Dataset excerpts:
********

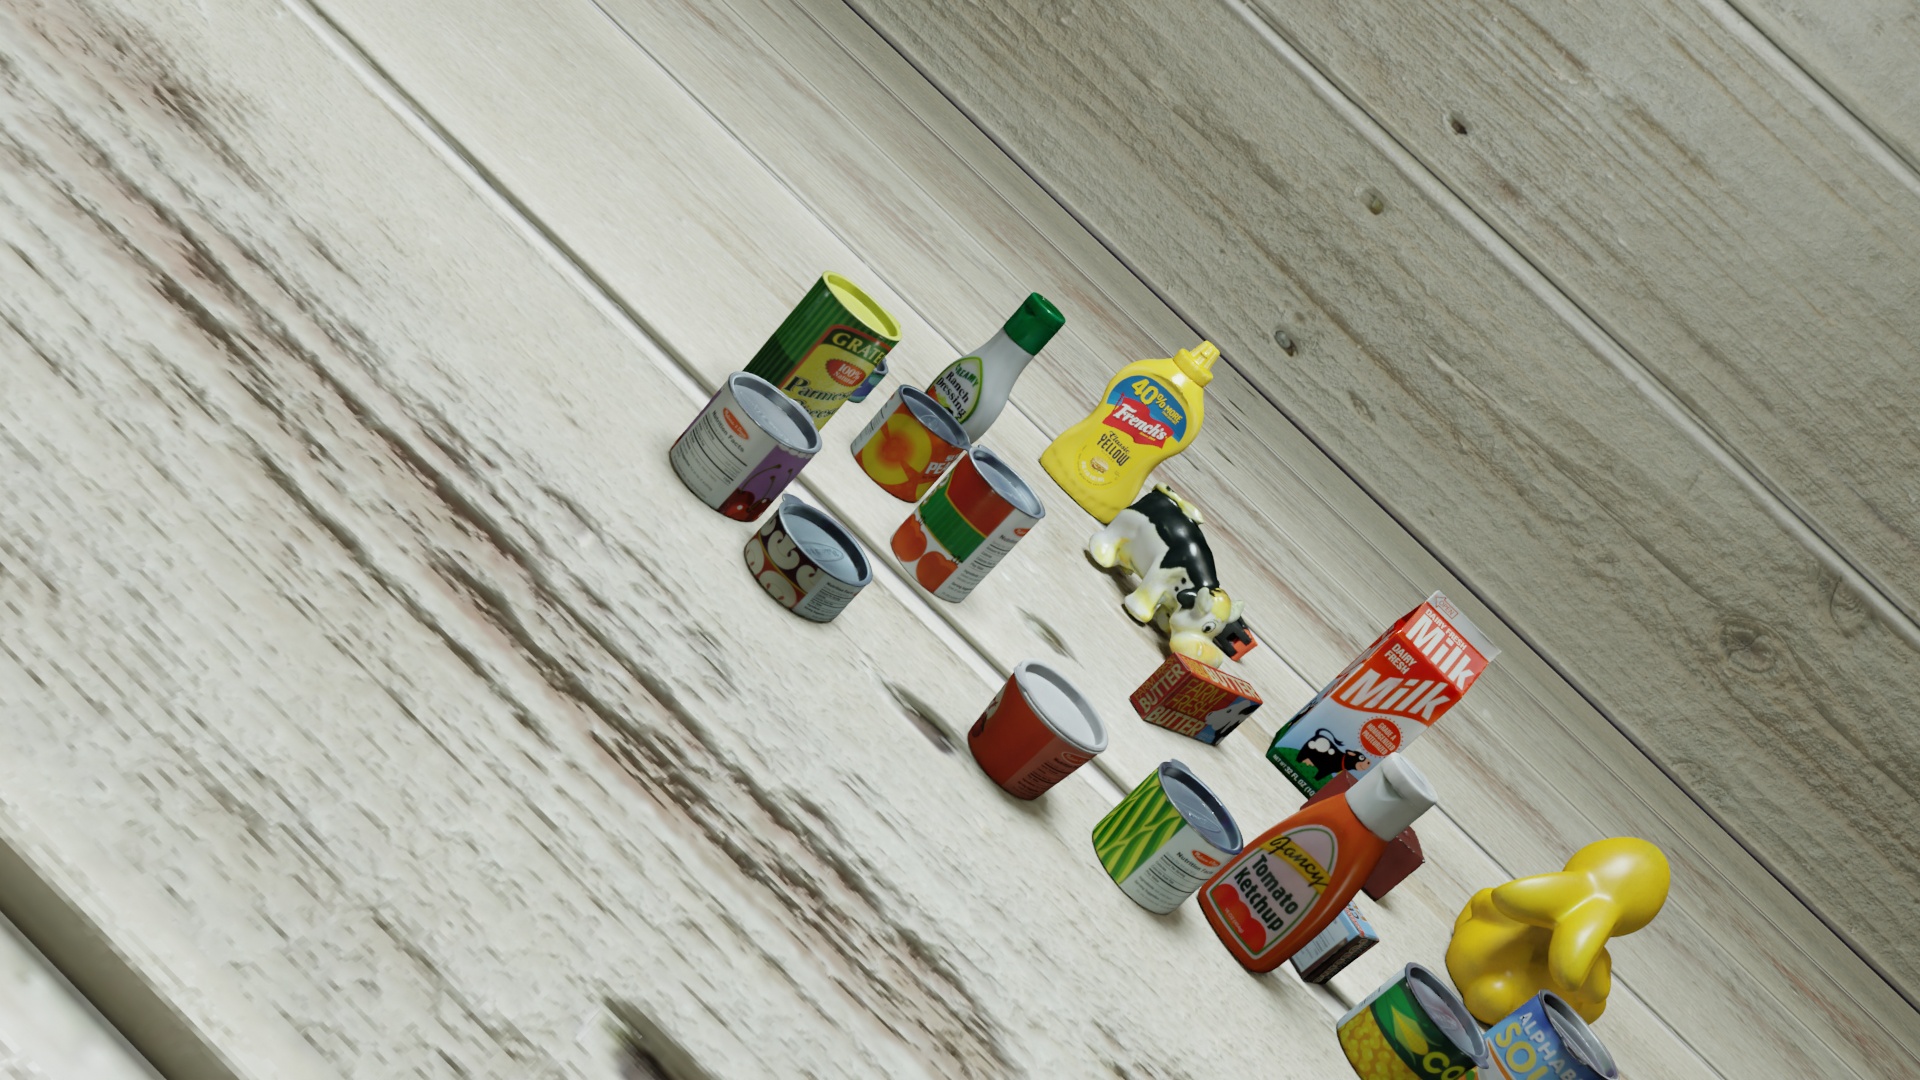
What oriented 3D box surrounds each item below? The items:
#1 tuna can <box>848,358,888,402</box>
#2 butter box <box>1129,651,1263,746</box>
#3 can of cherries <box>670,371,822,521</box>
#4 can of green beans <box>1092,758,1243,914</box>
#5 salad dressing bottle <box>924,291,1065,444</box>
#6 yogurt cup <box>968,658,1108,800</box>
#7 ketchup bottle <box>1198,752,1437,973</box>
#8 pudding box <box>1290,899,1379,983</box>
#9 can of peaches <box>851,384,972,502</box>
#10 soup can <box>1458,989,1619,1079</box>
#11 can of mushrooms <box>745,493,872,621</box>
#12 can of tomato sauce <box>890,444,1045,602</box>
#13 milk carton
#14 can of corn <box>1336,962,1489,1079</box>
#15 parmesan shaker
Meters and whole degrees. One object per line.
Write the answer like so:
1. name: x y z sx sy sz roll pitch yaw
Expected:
1. tuna can: -0.090 -0.141 1.091 0.071 0.032 0.071 38 19 -15
2. butter box: 0.176 0.119 1.033 0.103 0.053 0.024 25 26 -43
3. can of cherries: -0.121 -0.053 0.796 0.071 0.058 0.072 38 19 -15
4. can of green beans: 0.118 0.171 0.797 0.071 0.057 0.071 38 19 -15
5. salad dressing bottle: 0.024 -0.137 1.132 0.044 0.147 0.064 20 29 -51
6. yogurt cup: 0.041 0.109 0.782 0.072 0.053 0.073 38 19 -15
7. ketchup bottle: 0.211 0.185 0.811 0.043 0.148 0.065 18 31 -52
8. pudding box: 0.220 0.232 0.882 0.030 0.049 0.084 25 26 -44
9. can of peaches: -0.035 -0.068 1.004 0.071 0.058 0.071 38 19 -15
10. soup can: 0.360 0.338 0.882 0.071 0.083 0.071 38 19 -15
11. can of mushrooms: -0.085 0.010 0.772 0.071 0.033 0.071 38 19 -15
12. can of tomato sauce: 0.003 -0.012 0.920 0.071 0.083 0.071 38 19 -15
13. milk carton: 0.345 0.130 1.136 0.072 0.190 0.073 46 18 9
14. can of corn: 0.269 0.298 0.824 0.071 0.058 0.071 38 19 -15
15. parmesan shaker: -0.095 -0.117 0.920 0.071 0.103 0.071 38 19 -15

********

WHAT YOU HAVE TO DO: Leave out every line above except those from the line with "#12 can of tomato" up to and including the line with "1. name: x y z sx sy sz roll pitch yaw", and copy those exactly.

REPLY:
#12 can of tomato sauce <box>890,444,1045,602</box>
#13 milk carton
#14 can of corn <box>1336,962,1489,1079</box>
#15 parmesan shaker
Meters and whole degrees. One object per line.
Write the answer like so:
1. name: x y z sx sy sz roll pitch yaw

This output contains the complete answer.